While developing projects using current AI, I noticed how much experience related to each of the areas mentioned helped me shape the entire solution. Of all the points above, the most crucial turned out to be the last one, which showed me that working hand in hand with AI, I was able to repeatedly exceed my current competencies. I mean here much faster solving of problems related to the still little-known SvelteKit, Rust, or designing solutions in processes related to the aforementioned streaming of various data formats, which were previously unknown to me.

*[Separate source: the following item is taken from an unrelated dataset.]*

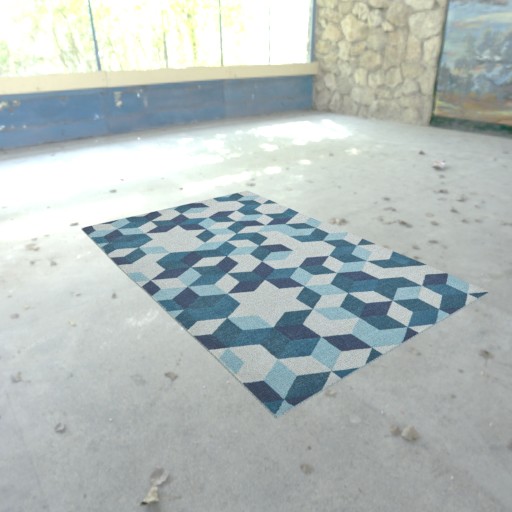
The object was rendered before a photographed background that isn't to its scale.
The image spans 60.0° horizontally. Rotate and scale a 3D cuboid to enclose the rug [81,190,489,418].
[{"bbox_3d":[0.000,0.000,2.299,1.235,0.014,1.829,-18,31,-32],"label":"rug"}]

In my daily interaction with LLM, I use my own version of Alice, which has access to long-term memory, making the responses personalized. Questions about programming by default consider the use of the latest version of ECMAScript, and the issued commands perform actions in the applications I use or, thanks to AppleScript, interact directly with my computer. Alice also has information about my experience (e.g., the fact that I am just learning Rust), which she includes in her statements without the need to remind her each time.

Currently, the integration includes a textual knowledge base, which is not yet fully prepared for working with GPT-4 Vision and DALL·E 3 models. However, I have no doubts that a fundamental element of combining different \"senses\" offered by multimodal large language models will be the knowledge base and a set of tools, thanks to which AI will be able to realistically affect our environment, and we will be able to ask about actions, not just answers.